§ **What you have to do**: Would you restate the full listing word for word and omit its pictures?

§ **Dataset records**:
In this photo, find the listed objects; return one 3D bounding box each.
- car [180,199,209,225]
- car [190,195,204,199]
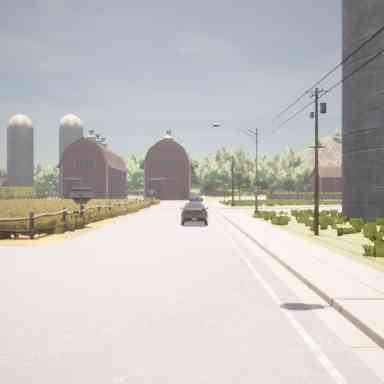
[{"bbox_3d":[0.180,1.507,24.375,1.837,1.490,4.892,0,1,0],"label":"car"},{"bbox_3d":[1.109,1.337,70.564,2.097,1.767,4.553,0,0,19],"label":"car"}]
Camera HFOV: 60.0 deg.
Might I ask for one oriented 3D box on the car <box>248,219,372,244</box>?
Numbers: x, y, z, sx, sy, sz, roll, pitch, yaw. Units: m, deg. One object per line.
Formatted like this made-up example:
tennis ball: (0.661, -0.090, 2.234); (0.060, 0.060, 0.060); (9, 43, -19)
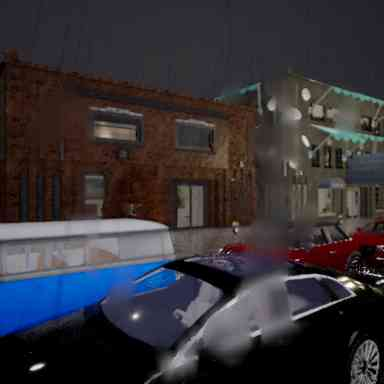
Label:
car: (2.367, 1.482, 8.238); (4.097, 1.590, 1.967); (0, -1, -35)

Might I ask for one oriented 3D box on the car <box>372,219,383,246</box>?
car: (6.889, 1.619, 11.452); (4.507, 1.381, 1.887); (0, -1, -35)

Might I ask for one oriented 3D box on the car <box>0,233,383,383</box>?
car: (0.231, 1.505, 3.537); (4.902, 1.511, 2.128); (0, 0, -35)

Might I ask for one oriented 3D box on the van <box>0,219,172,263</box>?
van: (-2.155, 1.350, 5.025); (3.998, 1.788, 1.690); (0, -1, -35)
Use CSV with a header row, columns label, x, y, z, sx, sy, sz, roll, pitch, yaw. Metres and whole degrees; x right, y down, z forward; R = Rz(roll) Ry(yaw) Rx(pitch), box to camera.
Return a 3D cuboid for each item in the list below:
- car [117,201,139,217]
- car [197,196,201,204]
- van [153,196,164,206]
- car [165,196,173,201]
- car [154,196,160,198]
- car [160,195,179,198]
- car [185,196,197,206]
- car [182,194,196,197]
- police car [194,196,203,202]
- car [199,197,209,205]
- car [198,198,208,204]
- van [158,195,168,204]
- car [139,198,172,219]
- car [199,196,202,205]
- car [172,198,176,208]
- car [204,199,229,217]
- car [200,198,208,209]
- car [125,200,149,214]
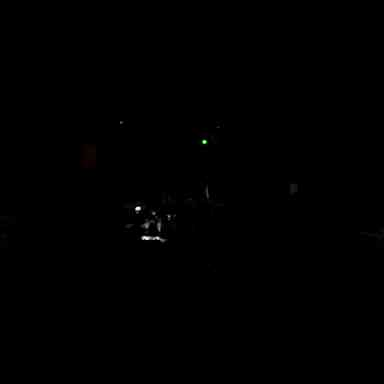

§ **Answer box**:
In this photo, find the listed objects; return one 3D bounding box each.
- car [180,199,209,225]
- car [190,195,204,199]
[{"bbox_3d":[0.180,1.507,24.375,1.837,1.490,4.892,0,1,0],"label":"car"},{"bbox_3d":[1.109,1.337,70.564,2.097,1.767,4.553,0,0,19],"label":"car"}]
Camera HFOV: 60.0 deg.
Might I ask for one oriented 3D box on the car <box>248,219,372,244</box>?
Numbers: x, y, z, sx, sy, sz, roll, pitch, yaw. Units: m, deg. One object per line.
Formatted like this made-up example:
tennis ball: (0.661, -0.090, 2.234); (0.060, 0.060, 0.060); (9, 43, -19)
Label:
car: (2.367, 1.482, 8.238); (4.097, 1.590, 1.967); (0, -1, -35)

Might I ask for one oriented 3D box on the car <box>372,219,383,246</box>?
car: (6.889, 1.619, 11.452); (4.507, 1.381, 1.887); (0, -1, -35)

Might I ask for one oriented 3D box on the car <box>0,233,383,383</box>?
car: (0.231, 1.505, 3.537); (4.902, 1.511, 2.128); (0, 0, -35)

Might I ask for one oriented 3D box on the van <box>0,219,172,263</box>?
van: (-2.155, 1.350, 5.025); (3.998, 1.788, 1.690); (0, -1, -35)
Use CSV with a header row, columns label, x, y, z, sx, sy, sz, roll, pitch, yaw. Metres and whole degrees; x right, y down, z forward; R = Rz(roll) Ry(yaw) Rx(pitch), box to camera.
Return a 3D cuboid for each item in the list below:
- car [117,201,139,217]
- car [197,196,201,204]
- van [153,196,164,206]
- car [165,196,173,201]
- car [154,196,160,198]
- car [160,195,179,198]
- car [185,196,197,206]
- car [182,194,196,197]
- police car [194,196,203,202]
- car [199,197,209,205]
- car [198,198,208,204]
- van [158,195,168,204]
- car [139,198,172,219]
- car [199,196,202,205]
- car [172,198,176,208]
- car [204,199,229,217]
- car [200,198,208,209]
- car [125,200,149,214]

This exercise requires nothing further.